- _SUPPLIED INFORMATION_
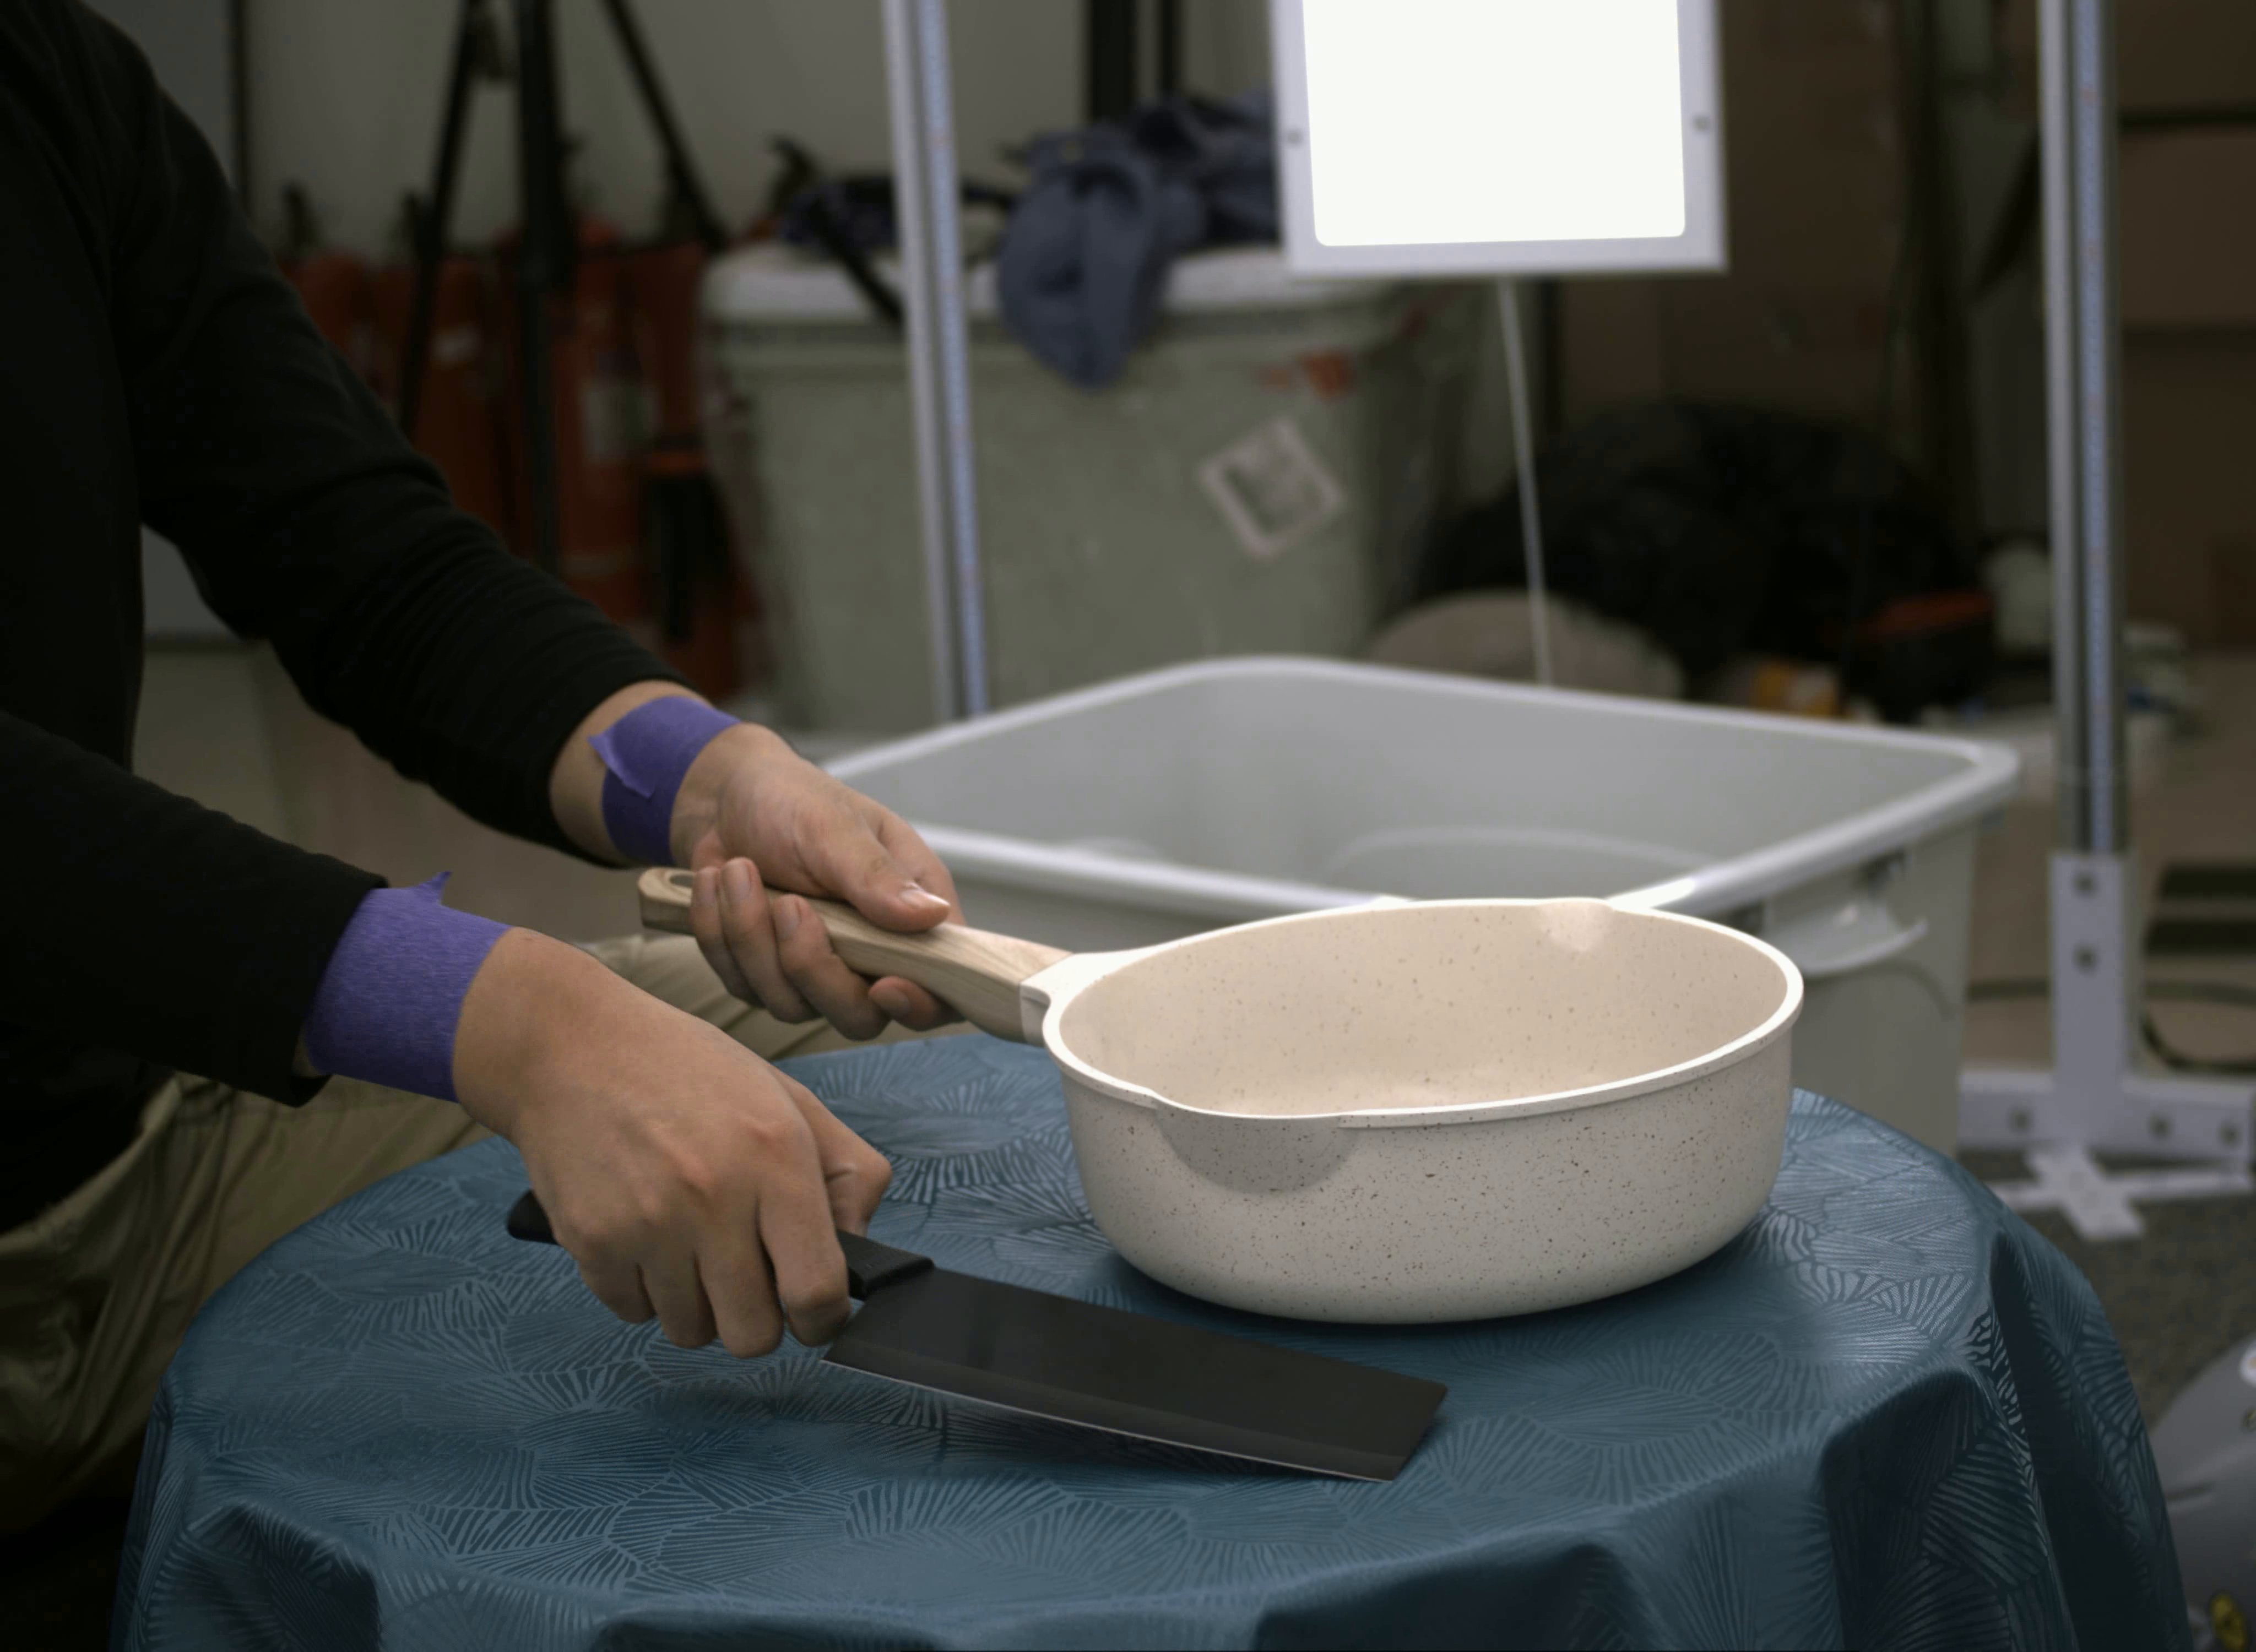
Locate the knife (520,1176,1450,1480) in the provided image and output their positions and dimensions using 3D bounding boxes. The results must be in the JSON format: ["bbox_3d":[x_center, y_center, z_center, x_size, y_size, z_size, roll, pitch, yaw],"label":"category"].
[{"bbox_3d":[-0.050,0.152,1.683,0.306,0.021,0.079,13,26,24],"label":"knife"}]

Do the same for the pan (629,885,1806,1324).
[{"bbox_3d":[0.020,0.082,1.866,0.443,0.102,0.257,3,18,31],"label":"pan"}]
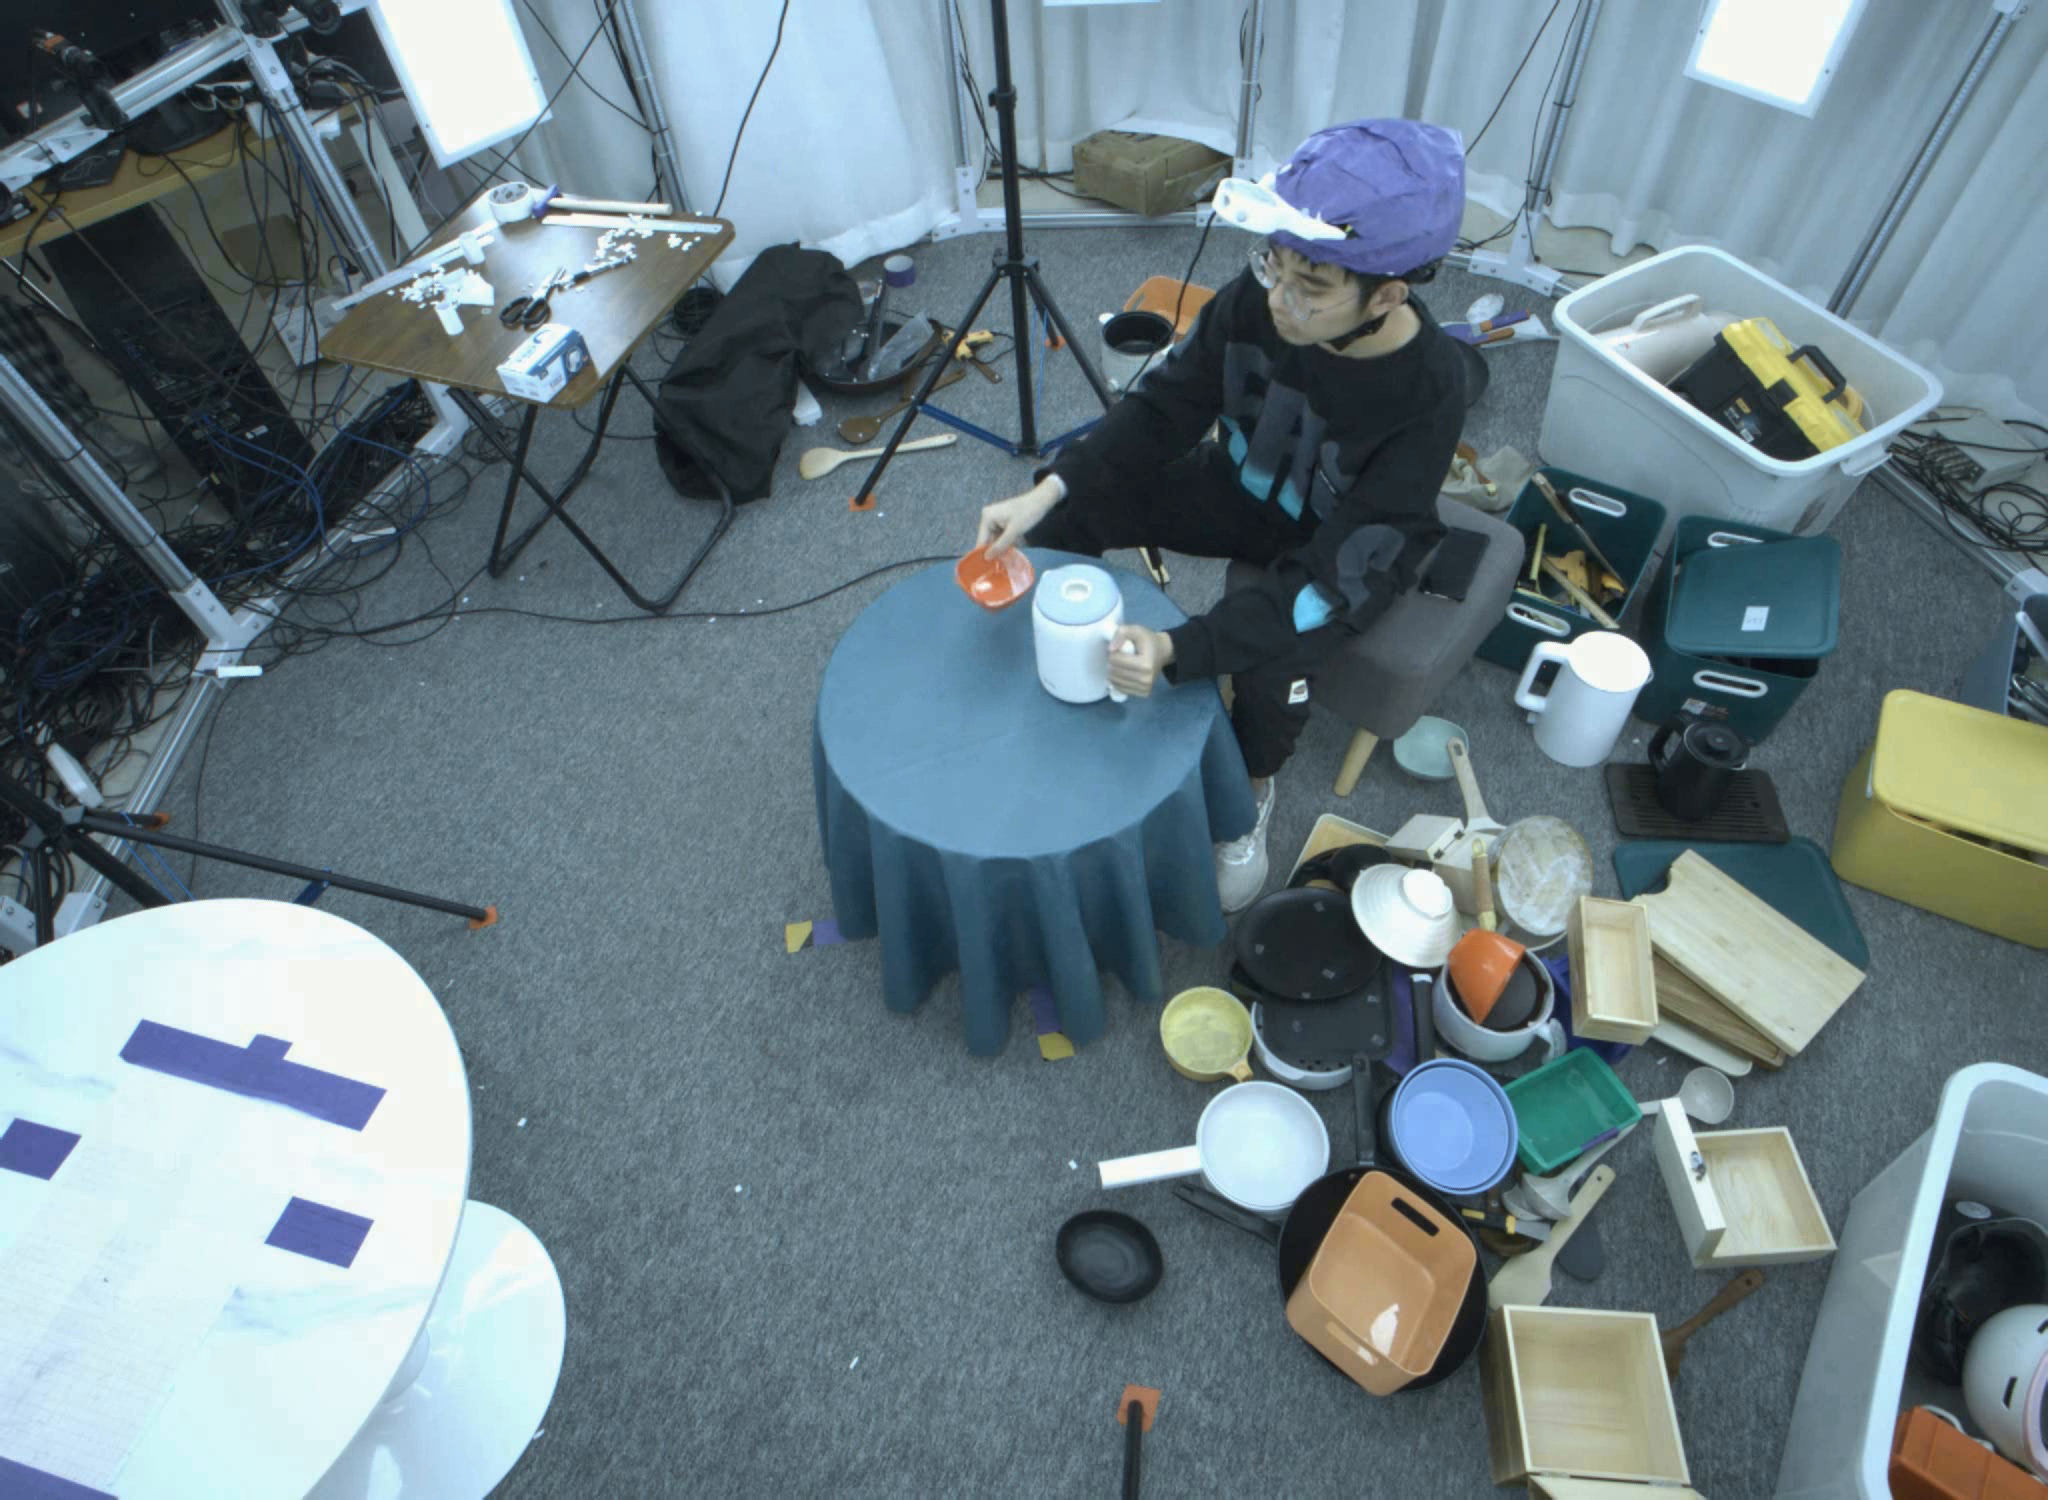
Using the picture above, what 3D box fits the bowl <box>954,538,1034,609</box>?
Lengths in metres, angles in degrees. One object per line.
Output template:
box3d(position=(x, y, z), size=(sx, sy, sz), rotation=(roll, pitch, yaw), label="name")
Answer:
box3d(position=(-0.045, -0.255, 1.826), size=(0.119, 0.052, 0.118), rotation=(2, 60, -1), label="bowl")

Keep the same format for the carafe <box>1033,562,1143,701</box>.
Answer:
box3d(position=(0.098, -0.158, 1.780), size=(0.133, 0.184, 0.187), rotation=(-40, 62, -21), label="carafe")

- _WHAT TO DO_
Give back exactly the lines from the one with "Keep the same" through the final line of the material, both ends included, and no others.

- _OUTPUT OF THE TASK_
Keep the same format for the carafe <box>1033,562,1143,701</box>.
Answer:
box3d(position=(0.098, -0.158, 1.780), size=(0.133, 0.184, 0.187), rotation=(-40, 62, -21), label="carafe")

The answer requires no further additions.